Les deux textes qui suivent proposent deux études de cas. “Go Rogue” de Pedro Moura analyse un concours organisé par Disney avant la sorti de Rogue One, et invitant les participants à créer de courtes vidéos en ligne inspirées de leur univers favori. Moura met ici en évidence une stratégie de Disney qui vise en garder un certain contrôle, ou à tout le moins à les encadrer, sur les créations de fans. De son côté, Katriina Heljakka s’intéresse aux jouets et à la relation qu’entretient le fan adulte avec ceux-ci, notamment le collectionneur. Dans “Re-playing legends’ worlds: Toying with Star Wars’ Expanded Universe in adult play”, elle aborde la question du world building en relation avec le world play, et la façon dont certains fans utilisent le jouet comme vecteur diégétique à travers des activités de mise en scène photographique, ce qu’elle appelle le photoplay (à ne pas confondre avec le photoplay de Münsterberg). Enfin, le dernier texte, de Amedeo d’Adamo, “Deathstarchitecture : the Space of Evil”, offre une perspective sur la transfiguration architecturale de l’espace maléfique allant de la Death Star, dans New Hope, à la Starkiller base dans The Force Awaken, tout en comparant l’évolution figurative et symbolique entre l’Empire et le Premier Ordre.

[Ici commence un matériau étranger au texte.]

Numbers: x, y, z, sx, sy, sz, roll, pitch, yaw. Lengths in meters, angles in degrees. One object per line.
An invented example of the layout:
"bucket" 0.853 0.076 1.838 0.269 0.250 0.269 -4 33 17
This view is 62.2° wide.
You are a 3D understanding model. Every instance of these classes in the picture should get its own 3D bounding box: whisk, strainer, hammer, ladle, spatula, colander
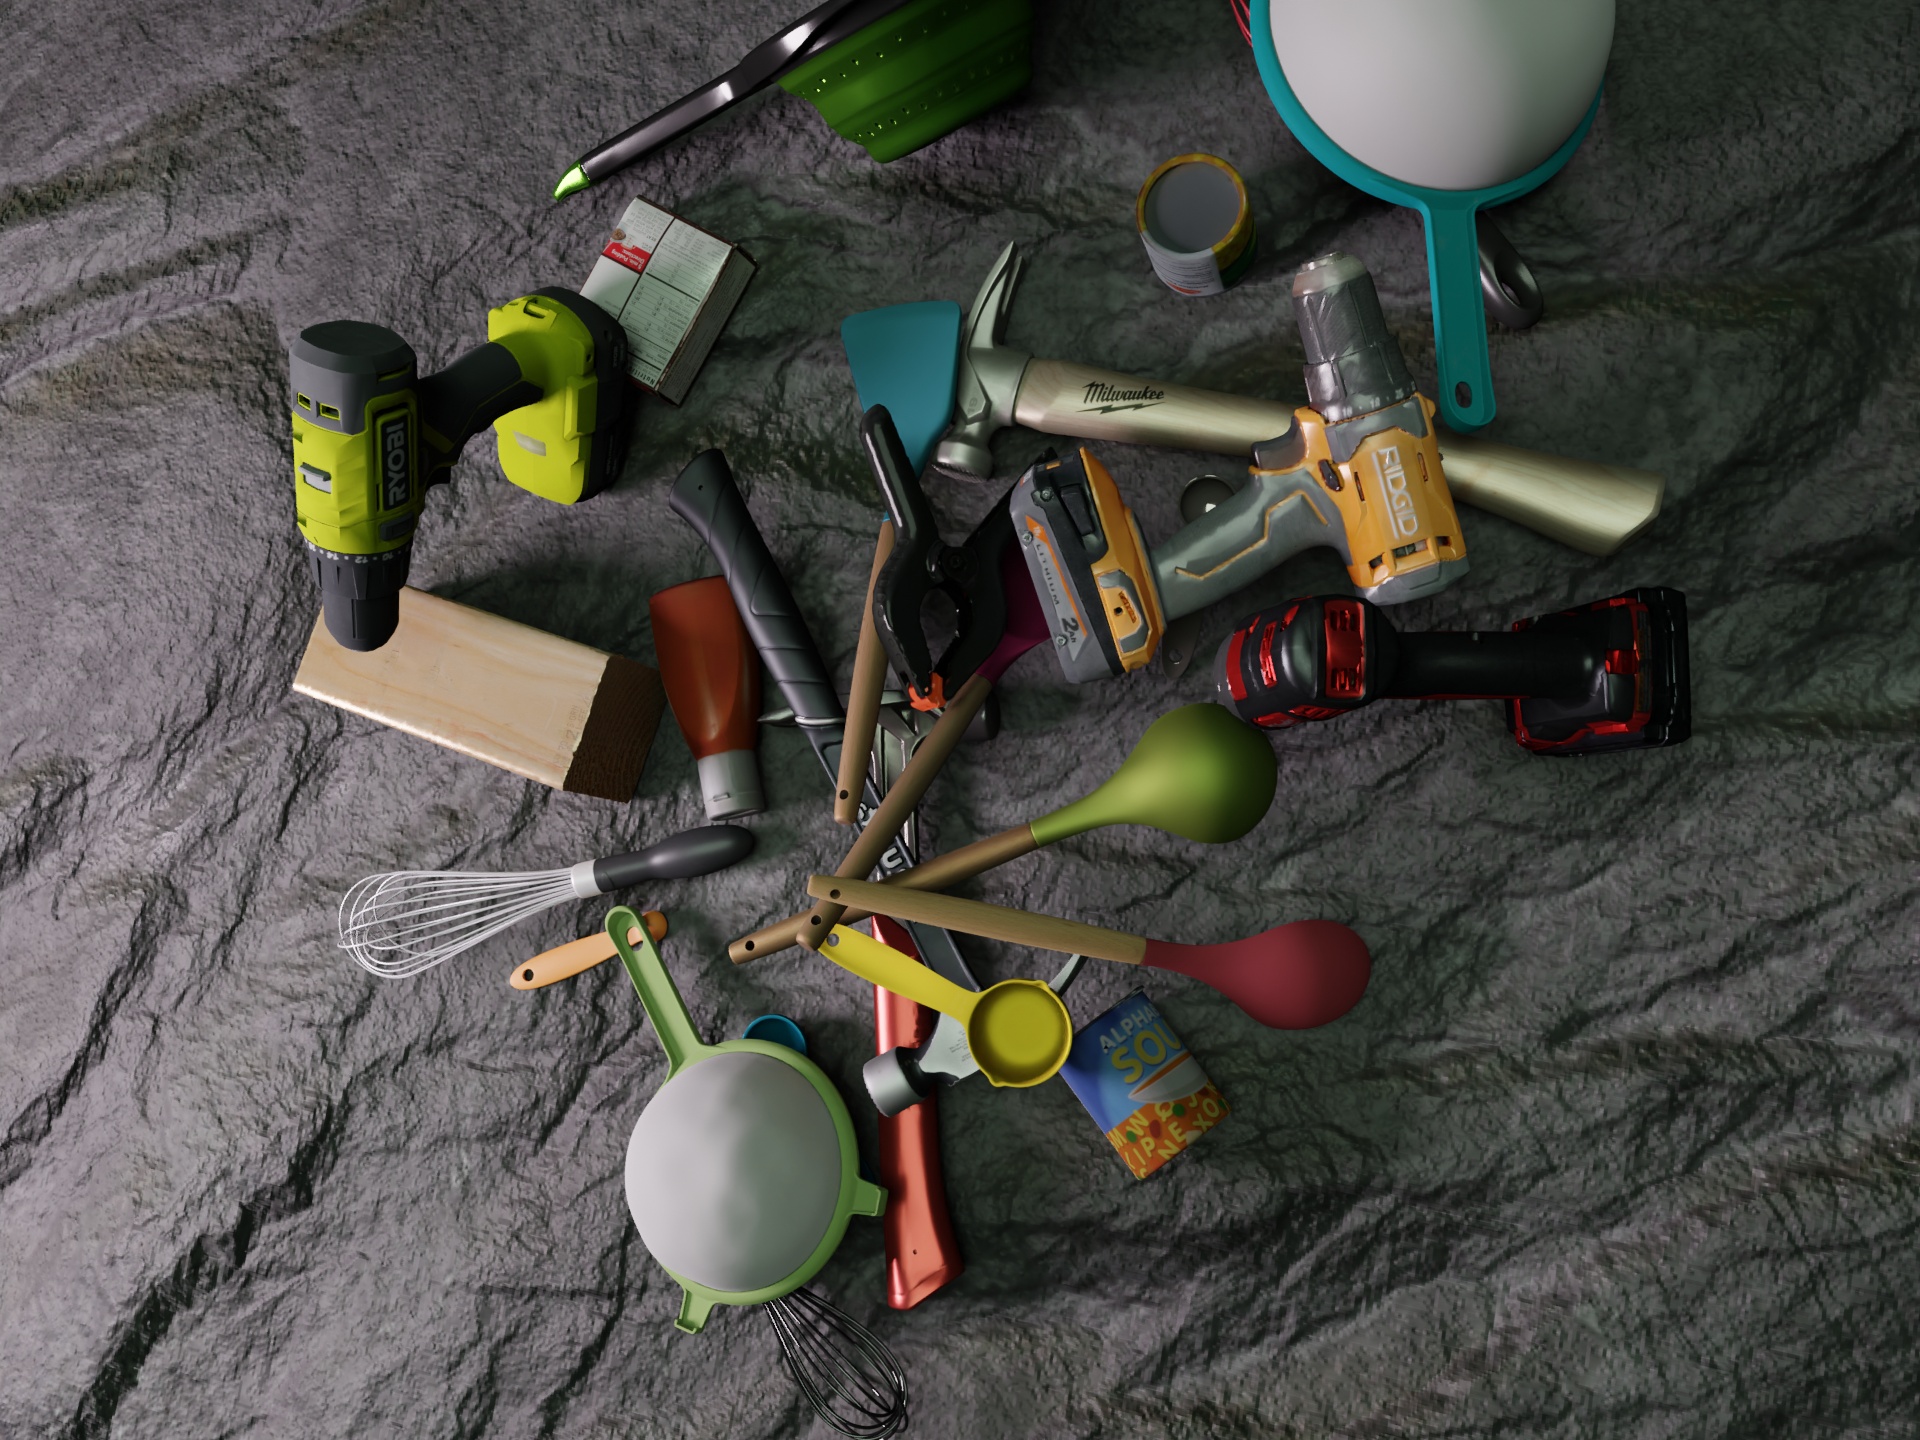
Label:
"whisk" -0.265 0.109 1.010 0.284 0.070 0.070 -14 80 9
"strainer" -0.163 0.216 0.930 0.151 0.069 0.257 -35 68 11
"strainer" 0.272 -0.329 0.845 0.211 0.095 0.340 0 80 -9
"hammer" -0.069 0.014 0.936 0.149 0.036 0.409 -29 76 7
"ladle" 0.073 0.118 0.857 0.315 0.031 0.069 12 108 -5
"hammer" -0.043 0.161 0.947 0.149 0.036 0.359 -5 81 16
"ladle" 0.020 0.074 0.874 0.320 0.062 0.078 -23 74 12
"spatula" -0.048 -0.095 0.926 0.082 0.044 0.318 -1 69 24
"whisk" 0.245 -0.346 0.919 0.073 0.073 0.296 -34 81 10
"whisk" -0.117 0.331 0.945 0.239 0.055 0.055 41 95 22
"colander" -0.091 -0.382 0.999 0.397 0.205 0.094 -17 113 29
"hammer" 0.191 -0.176 0.922 0.411 0.038 0.146 14 86 17

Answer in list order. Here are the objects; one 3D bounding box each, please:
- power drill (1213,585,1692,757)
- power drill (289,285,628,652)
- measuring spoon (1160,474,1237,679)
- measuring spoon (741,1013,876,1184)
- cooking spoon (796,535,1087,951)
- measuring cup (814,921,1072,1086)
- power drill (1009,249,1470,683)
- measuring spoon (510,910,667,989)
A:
"power drill" 0.241 -0.025 0.810 0.219 0.143 0.078 1 84 -11
"power drill" -0.304 -0.159 0.960 0.080 0.228 0.190 23 124 18
"measuring spoon" 0.134 -0.083 0.920 0.034 0.018 0.124 11 112 4
"measuring spoon" -0.086 0.234 0.964 0.042 0.021 0.128 -35 84 13
"cooking spoon" -0.001 -0.003 0.907 0.069 0.017 0.319 27 67 15
"measuring cup" -0.011 0.146 0.867 0.156 0.029 0.062 25 91 10
"power drill" 0.142 -0.131 0.852 0.226 0.084 0.185 -17 105 9
"measuring spoon" -0.240 0.148 1.018 0.117 0.011 0.021 -22 77 12

De quoi voir plus clair, nous l’espérons, dans cette inextricable constellation métatextuelle de références, de clins d’œil et de renvois à son propre passé qu’est devenue la saga Star Wars…
Bonne lecture !
Notes
[1] Sur ces questions de degrés, voir Laurent Jullier, « L’image à l’épreuve de l’ironie. Les degrés d’énonciation et de réception du récit audiovisuel », Revue française des sciences de l’information et de la communication [En ligne], 12 | 2018. URL : http://journals.openedition.org/rfsic/3404 ; DOI : 10.4000/rfsic.3404
[2] Entretien avec François Forestier, « Star Wars. Les Derniers Jedi : Comment je suis devenu Luke Skywalker », L’Obs, 13 décembre 2017 [En ligne] URL : https://www.nouvelobs.com/cinema/20171212.OBS9147/star-wars-les-derniers-jedi-comment-je-suis-devenu-luke-skywalker.html
[3] https://fr.wikipedia.org/wiki/Bible_(télévision)#cite_note-1.
[4] Luc Boltanski & Ève Chiapello, Le nouvel esprit du capitalisme, Paris, Gallimard, 1999, p. 598.